# Do rats pine/grieve?



## beanieboo-rattles (Jan 3, 2008)

Just wondering since rattles died Dulci and Hollie are alot more subdued and seem to be looking for her.


----------



## lilspaz68 (Feb 24, 2007)

Some rats do, some don't seem to. But yes they can get incredibly sad when they lose a cagemate. When I am nursing a sickie, and they are close to passing, often ALL my rats will be very quiet and subdued, like they know.


----------



## amandahoney (May 14, 2007)

in my experience, i'd say definitely, yes. i even had one rat "bury" her deceased cagemate by piling up all the fleece and cardboard she could get her paws on, on top of her "sister". i'm not sure what that means, but i'm guessing it was an expression of grief, or bewilderment at what had happened. you also have to watch out for stress-related flareups of illnesses or parasites that can be aggravated by the loss.


----------



## OnlyOno (Apr 4, 2007)

from everything that i have heard, yes. i'm sure that like in all species, there are differences in how each individual accepts loss, and we may not be able to pick up such things on each of our rats, but yes, even if they didn't like each other, they must understand death and that one of their roommates is no longer with them...


----------



## mishasmom (Jul 21, 2008)

Yes they do grieve.
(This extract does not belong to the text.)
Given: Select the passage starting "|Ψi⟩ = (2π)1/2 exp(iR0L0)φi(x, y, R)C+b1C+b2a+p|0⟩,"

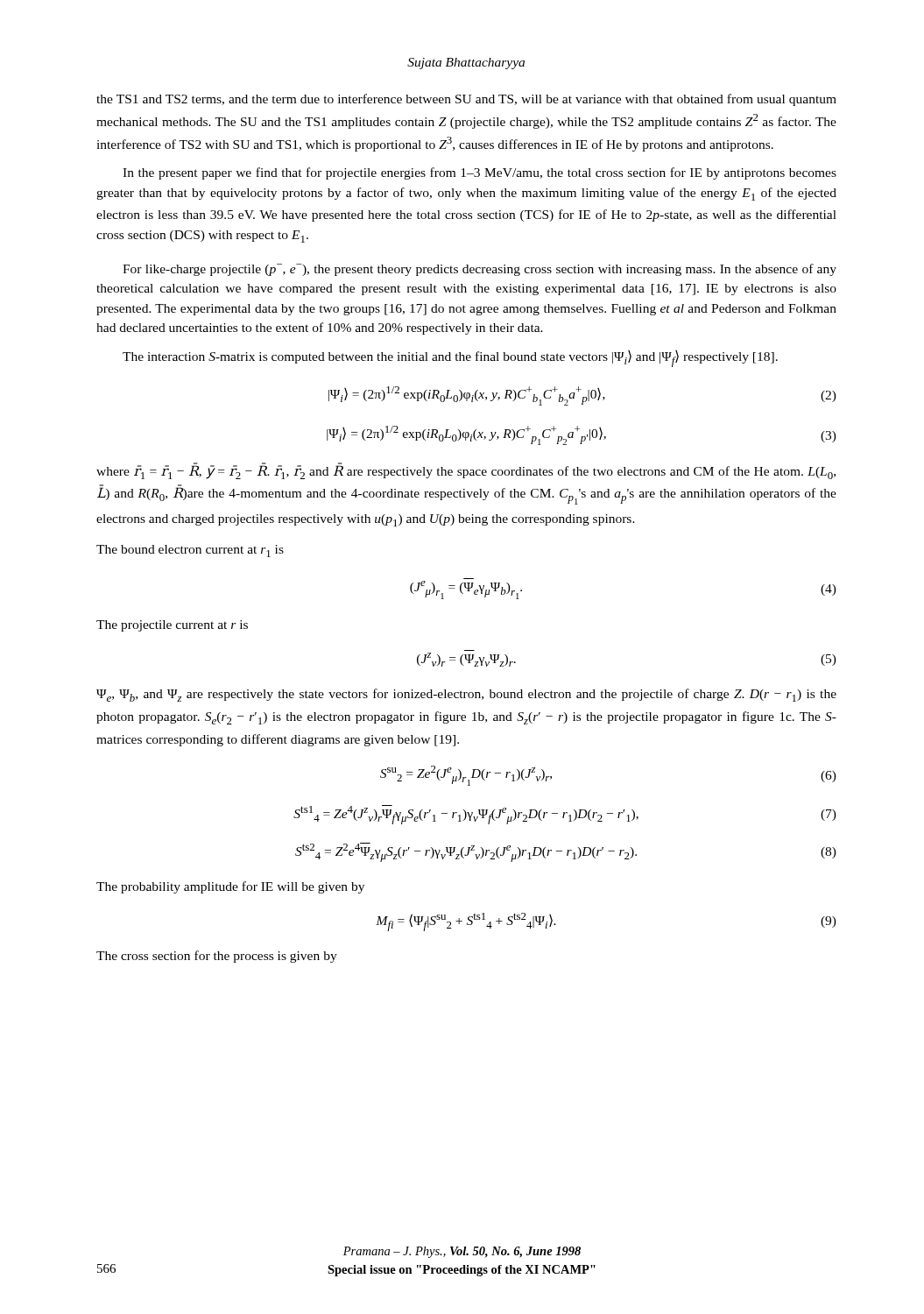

My male rat Snickers still misses his brothers.


----------



## Nicomuse (Sep 25, 2008)

I had one of my rats get really depressed after her sister's sudden death. Not a week later she herself was gone. It was terrible. Now the rest of their cagemates all seem very confused and a little less active.


----------



## hacraxy (Jan 11, 2008)

Yes they do. I've heard from many ratowners that after the death of one rat, the rat who is left alone aften dies not long after his/her friend. When one of my two rats died in January then the one left alone was so depressed that I was afraid I would lose him too. He wouldn't eat anything for few days, when taken out to play he would just snuggle up on my lap instead of the usual running-exploring around the livingroom. After about a month I got him two new friends he never really accepted them like his first friend, but he was much happier and got along with them just fine (but they weren't THAT close).


----------



## KayRatz (Apr 5, 2007)

Yes. Zinc's age really came out so much stronger in the couple of weeks after Klardae's death, and she went from being the nervous rat to wanting nothing more than to be with me. She hardly even ran on her wheel for the first month or so. Having new cagemates really helped her.


----------



## tiffrobbins (Sep 5, 2008)

We recently lost one of our boys and his brother went into what I can only describe as a very deep depression. They'd never been apart since the day they were born. He didn't want pet, he didn't want treats, he didn't want to do anything but sleep. We were getting very worried about him. He even went so far as to let our 4 month old boy become the dominant male. He's a year old and outweighs the little guy by 1/2 a pound. One evening he was even being aggressive toward me. He's never been aggressive in his life.
This all lasted for about two weeks.
Then all of a sudden. He decided to be our sweet, fun-loving boy again. He regained his dominion & was excited to be alive again. Not any problems with him since. So I'd just let time pass and she'll move on eventually. Just be there for her.


----------



## Ratty1100 (Nov 17, 2007)

Mine are now, too grieving, alongside with me. 
The don't run around and play, they sleep in a pile and and their noses are red with porphyrin.


----------